The door opened at 7:02.

Pickle slid into the booth across from me, shrugging off his jacket. “I knew you’d be early. You have early energy. Very responsible.”

“I was not early. I was on time.”

“The menu’s already warm from your hands.”

I looked down. He was right. I’d been holding it since I sat down.

“Stalker math,” Pickle said cheerfully. “Menu temperature plus condensation patterns on your water glass. I’d estimate…” He squinted at me. “Six or seven minutes?”

“That’s not real math.”

“It’s absolutely real math. It’s a science. I’m a pioneer. The Galileo of restaurant-based surveillance.”

The woman from the register appeared with two waters and a basket of prawn crackers neither of us ordered. She set them down without comment and disappeared.
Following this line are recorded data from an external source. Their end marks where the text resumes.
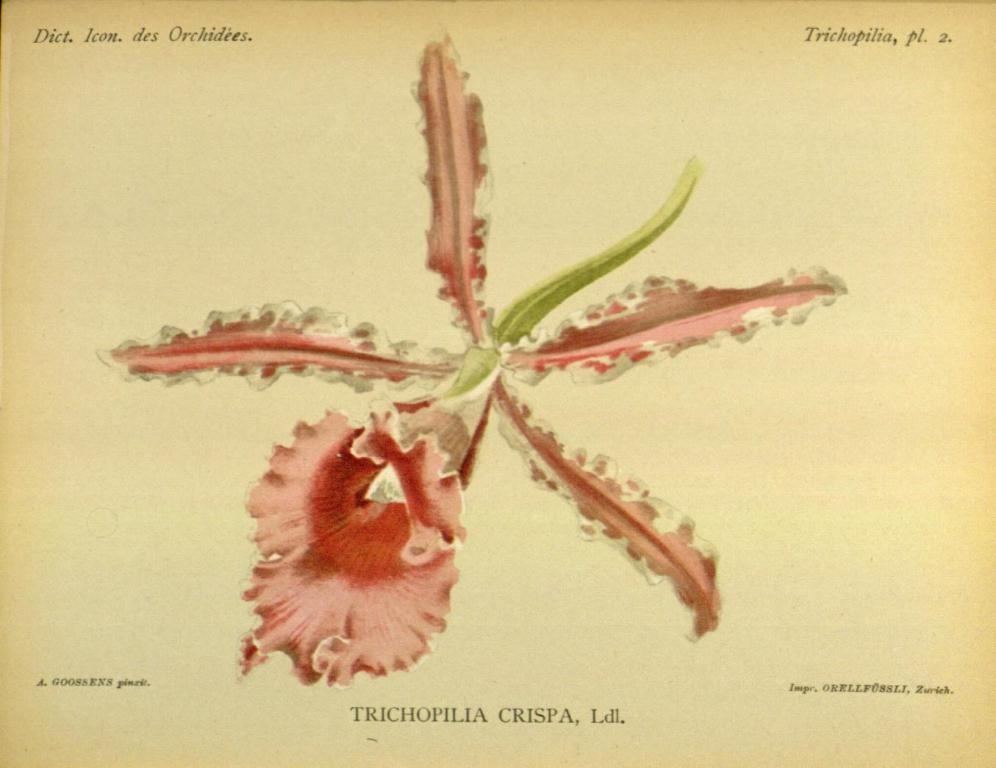What is the main subject of the image? The image contains a painting. What is depicted in the center of the painting? There is a flower with petals in the middle of the painting. Is there any text associated with the painting? Yes, there is some text at the bottom of the painting. How many baby snails can be seen crawling through the fog in the image? There is no fog, baby snails, or any crawling creatures present in the image. The image features a painting with a flower and text. 
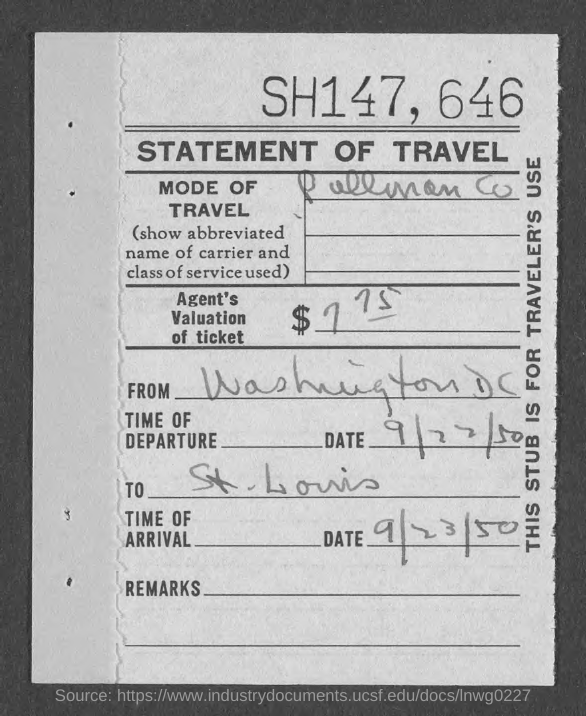Specify some key components in this picture. The date of arrival is September 23, 1950. 
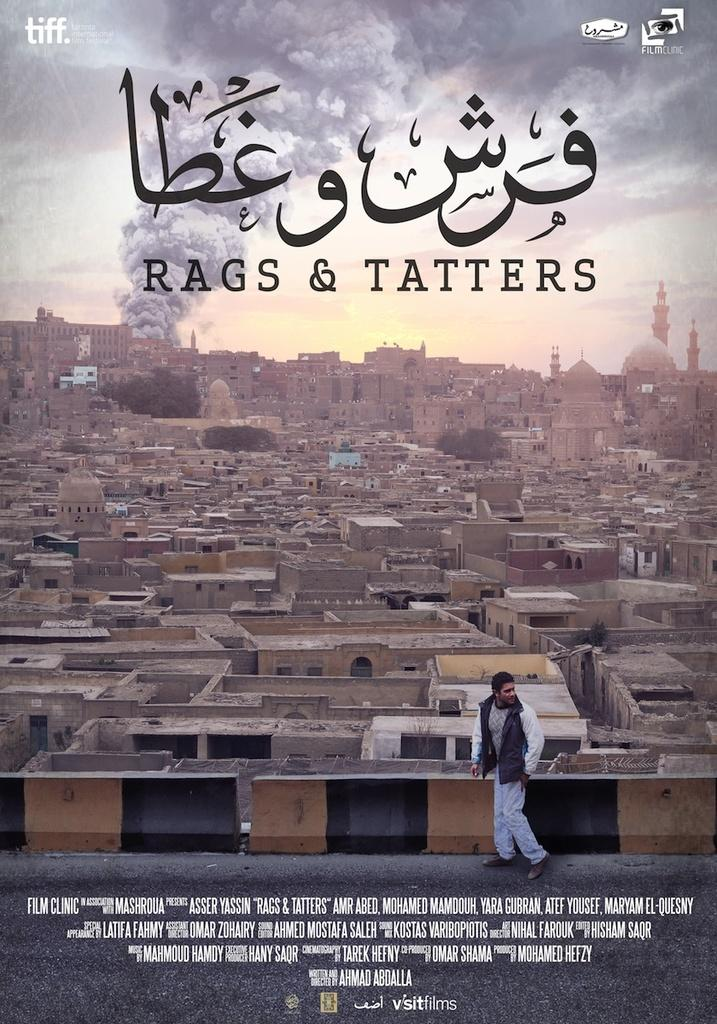<image>
Provide a brief description of the given image. The cover for a movie called Rags and Tatters.

“Mrs. Prasert loves me,” Pickle explained, already reaching for a cracker. “I helped her grandson with a school project last year. He had to interview someone about their job, and none of the other Storm guys would do it, so I showed up in his classroom in full gear. Skates and everything. Nearly broke my ankle on the tile floor, but the kid got an A.”

I tried to imagine it—Pickle in an elementary school classroom, helmet on, stick in hand, probably terrifying half the children and delighting the other half.